The next morning Ross was in the library with Percy when his grandfather came in, his white, wiry brows lifted in delight. “By the by, I do believe it’s time for you to take the lad to Edinburgh, Percy.”
“Do you think it’s time?” Ross asked. His mind on Annabella, he knew it was too soon. He needed more time with her.
“I take it you have decided not to accompany us?” Percy said.
The old duke dropped into a friendly leather chair that beckoned. “I’m too absentminded to sit on a horse. I’d forget where I was and topple off.”
Percy said, “What about the carriage?”
“My blasted leg is too stiff to sit in a carriage for any length of time,” he said, giving his leg a slap. “Damn me if it isn’t getting numb as well.”

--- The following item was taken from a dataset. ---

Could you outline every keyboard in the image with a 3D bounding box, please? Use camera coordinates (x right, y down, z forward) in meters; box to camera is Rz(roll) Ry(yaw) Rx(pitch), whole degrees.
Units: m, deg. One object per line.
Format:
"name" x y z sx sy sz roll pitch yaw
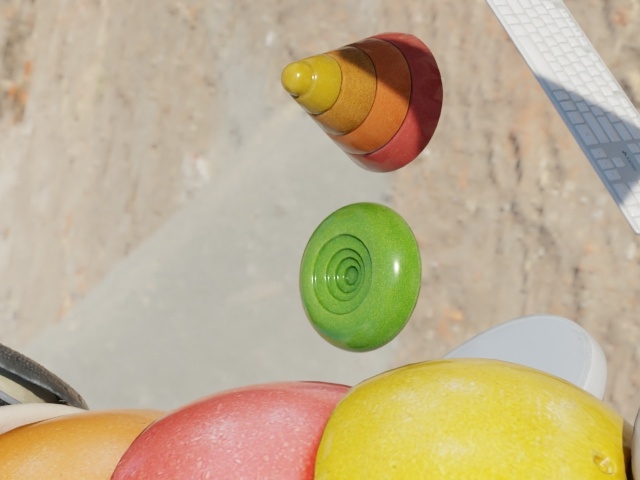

“You put up a good struggle,” Percy said, “but I doubt that is the real reason.”
The Mackinnon laughed. “You’re right. It isn’t.
I simply don’t want to go to Edinburgh. Truth is, I am exasperated with Unitarians, Whigs, Americans, brokers, bankers, solicitors, and the Quaker aristocracy.
I’m an old man, and expect to spend the rest of my days right here, being coddled by you, Percy, and buoyed by the ministrations of my grandson—which is a long-winded way of saying, I quit. ”
Ross threw back his head with a shout of laughter as Percy said, “So, you’re ready to turn the helm over to Ross.”
“I am—lock, stock, and barrel. But I suspect he needs to see a bit o’ Scotland first, and have his last fling, and there’s no better place to start than Edinburgh.”
“I could take him to England,” said Percy.
“What for?” the duke said with a snort. “The English are a sober lot. If the lad is going to learn to drink and drink deep, he’ll do it here, at home, on good Scottish soil—with good Scots whisky.”
At the mention of home, Ross realized he hadn’t really thought of this old gray fortress as home, but in reality, that was exactly what it had become.
There was a rightness to it, a feeling of belonging he had never felt back in Texas.
Maybe that was why he was the one out of all the Mackinnon boys who rolled around like a loose stone, never finding a place to lay his head for long.
“When do we leave?” asked Percy.
“Within the week,” was the Mackinnon’s staunch reply. “And now we’ll wash our words down with a glass of good whisky.”
Ross joined his grandfather and Percy for a drink, his eyes resting for a moment on the lingering gray light outside the window, the soft greenness of the hills reminding him of Annabella’s eyes.
Annabella. Her name ripped through his mind like a gunshot.
He was just beginning to bring his lass around.
He wasn’t ready to leave her yet. Ross tried to probe for a logical reason to stall the trip to Edinburgh and came up with nothing.
He wished he had more time to be with her, more time to teach her to trust him, more time to put her in touch with herself.
Instead he continued to stare at the grayness out the window, listening to his grandfather and Percy plan away with his life.